WHAT IS BEING ASKED: Word for word, restate the lines of the listing from the one that holds "A two-armed robot" through the very last line, and nothing more.

------ EXERCISE INPUTS ------

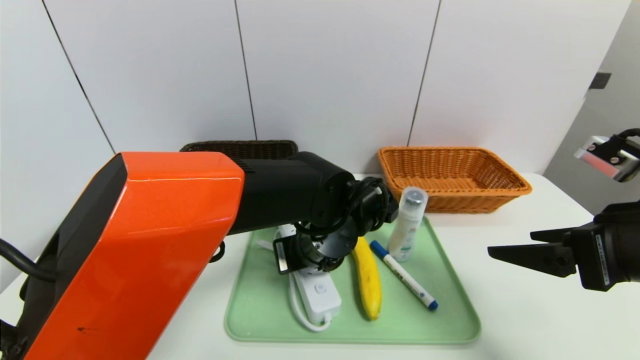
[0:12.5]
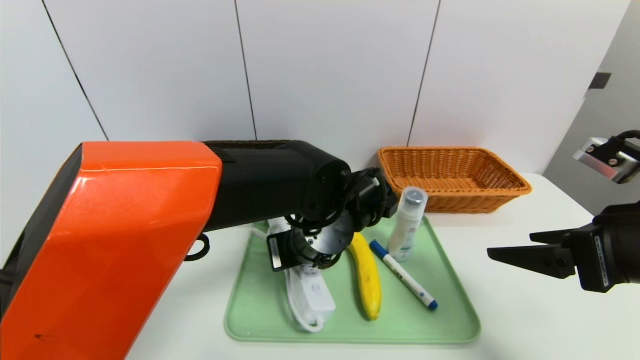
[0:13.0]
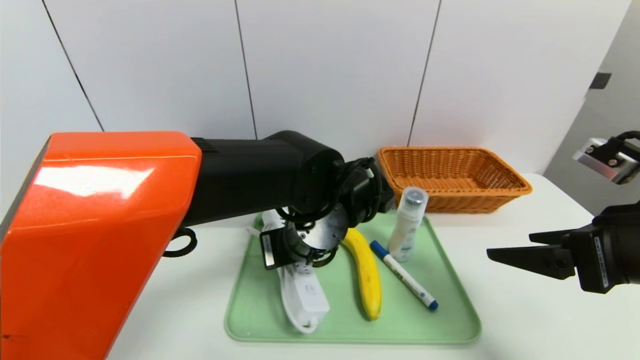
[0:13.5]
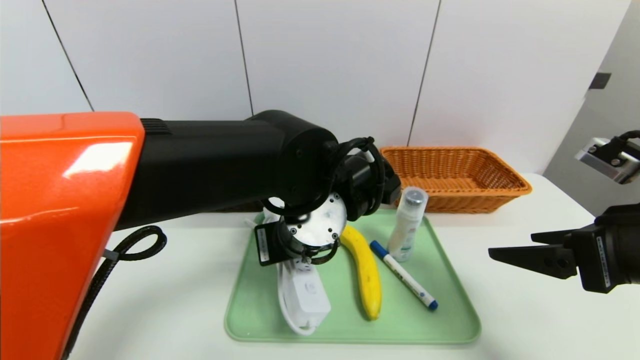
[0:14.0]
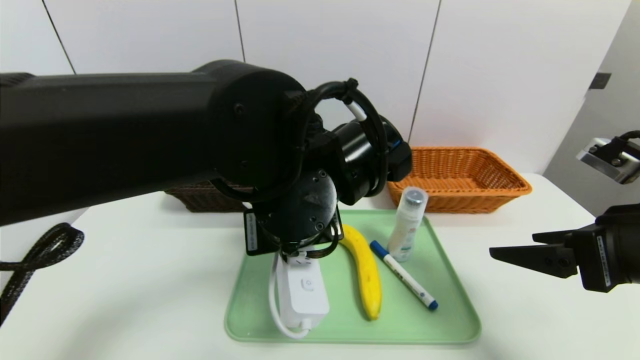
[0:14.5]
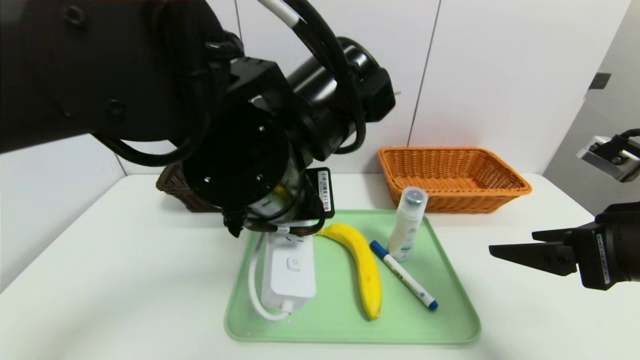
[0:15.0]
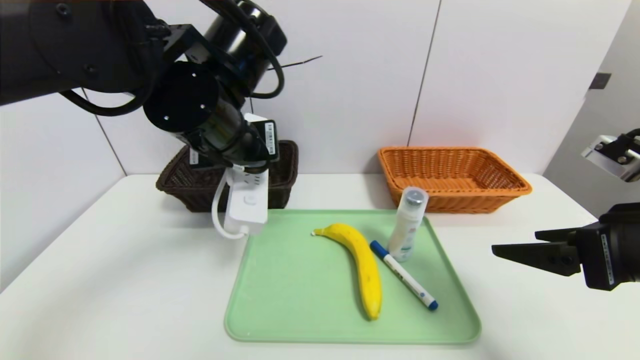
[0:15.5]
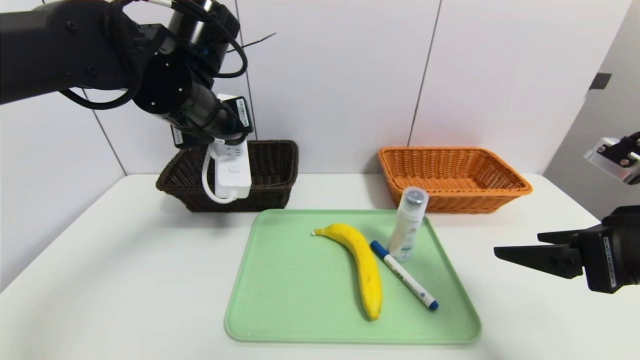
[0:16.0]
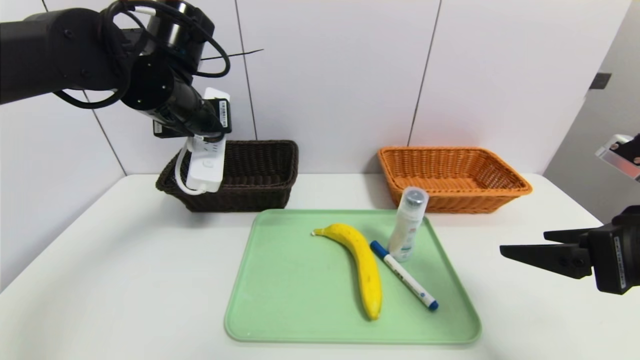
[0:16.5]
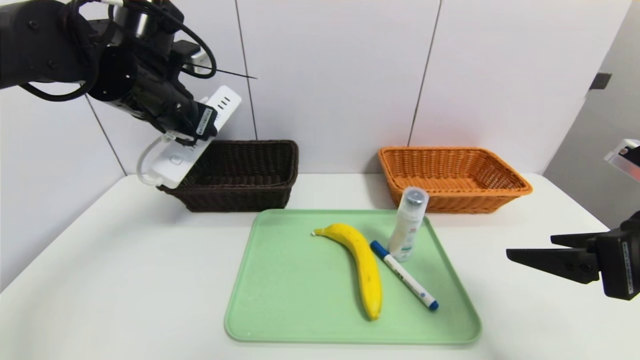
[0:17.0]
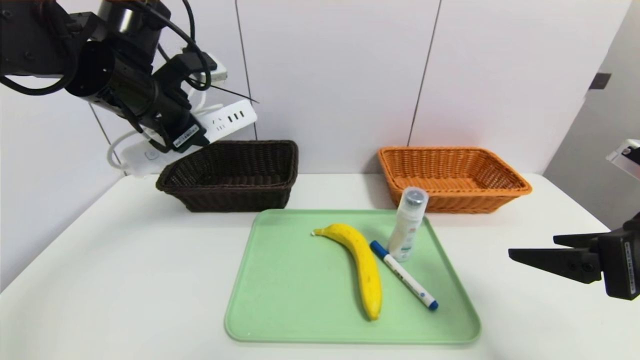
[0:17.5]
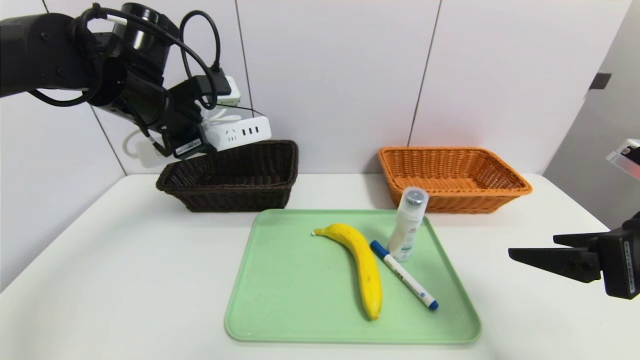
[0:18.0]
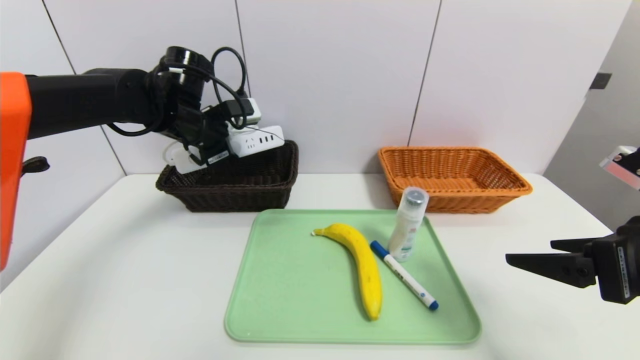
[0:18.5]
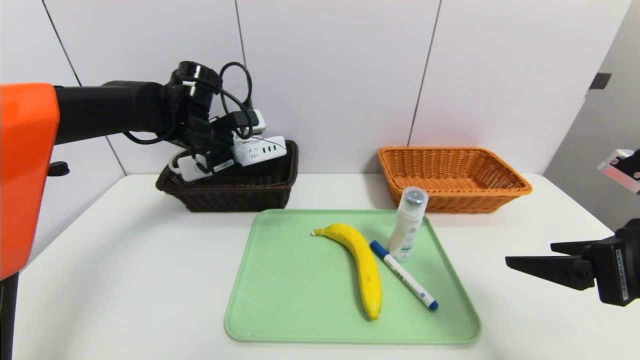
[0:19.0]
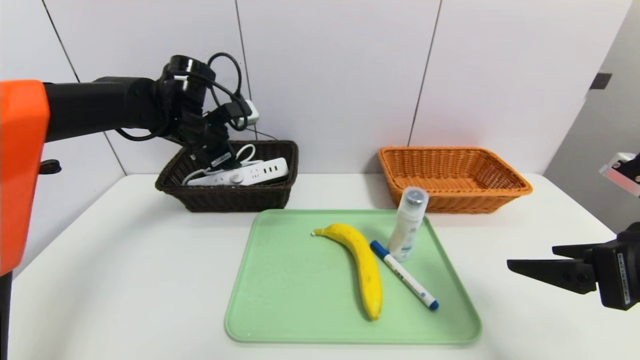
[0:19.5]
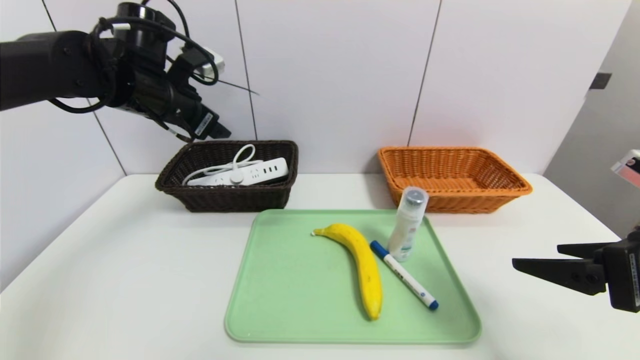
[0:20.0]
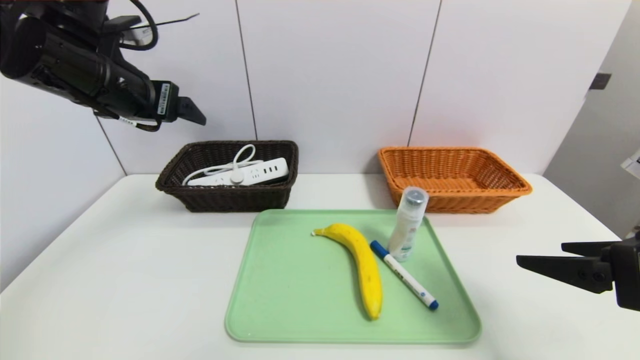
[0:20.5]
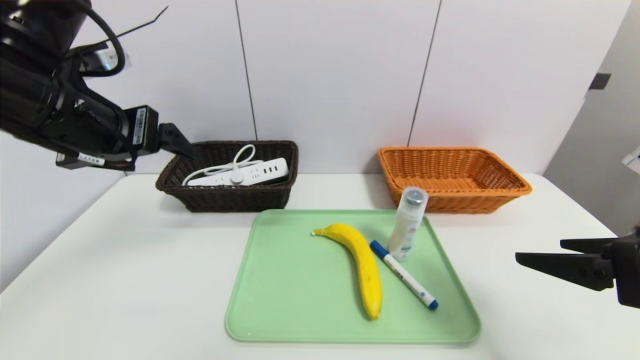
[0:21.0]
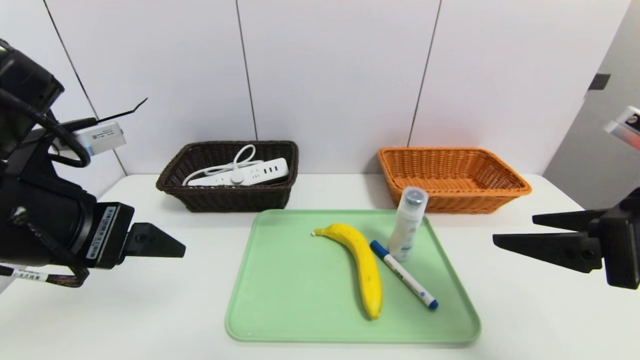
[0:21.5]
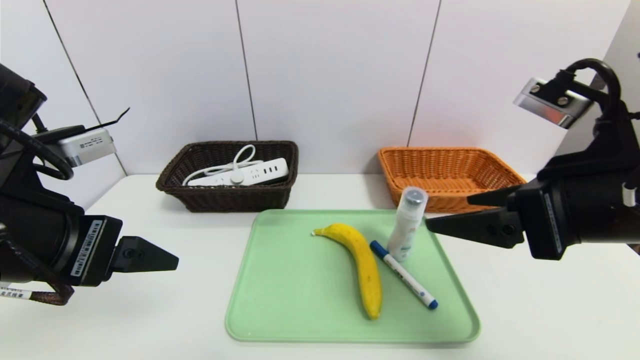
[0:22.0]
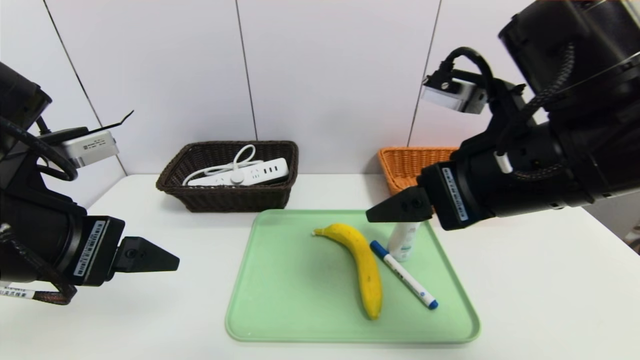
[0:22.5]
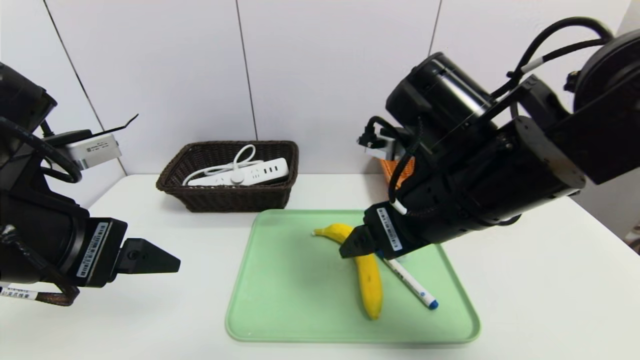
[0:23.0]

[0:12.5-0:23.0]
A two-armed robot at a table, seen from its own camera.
Task of the whole recording: place the food in the right basket with the right gripper, and place the non food items in the left basket with the left gripper.
Step, 0:12.5 to 0:19.5: Grasp the power strip and put it in the left basket.
0:12.5 to 0:14.5: The left gripper goes some 10 cm upward and backward.
0:14.5 to 0:16.5: The left gripper goes roughly 20 cm to the left and forward.
0:16.5 to 0:19.0: The left gripper moves forward and downward, approximately 10 cm.
0:19.0 to 0:21.0: The left gripper travels backward and upward by approximately 20 cm, and opens up.
0:21.0 to 0:23.0: The left gripper shifts some 10 cm backward; the right gripper travels to the left and forward by approximately 20 cm.

------

RESPONSE AREA:
A two-armed robot at a table, seen from its own camera.
Task of the whole recording: place the food in the right basket with the right gripper, and place the non food items in the left basket with the left gripper.
Step, 0:12.5 to 0:19.5: Grasp the power strip and put it in the left basket.
0:12.5 to 0:14.5: The left gripper goes some 10 cm upward and backward.
0:14.5 to 0:16.5: The left gripper goes roughly 20 cm to the left and forward.
0:16.5 to 0:19.0: The left gripper moves forward and downward, approximately 10 cm.
0:19.0 to 0:21.0: The left gripper travels backward and upward by approximately 20 cm, and opens up.
0:21.0 to 0:23.0: The left gripper shifts some 10 cm backward; the right gripper travels to the left and forward by approximately 20 cm.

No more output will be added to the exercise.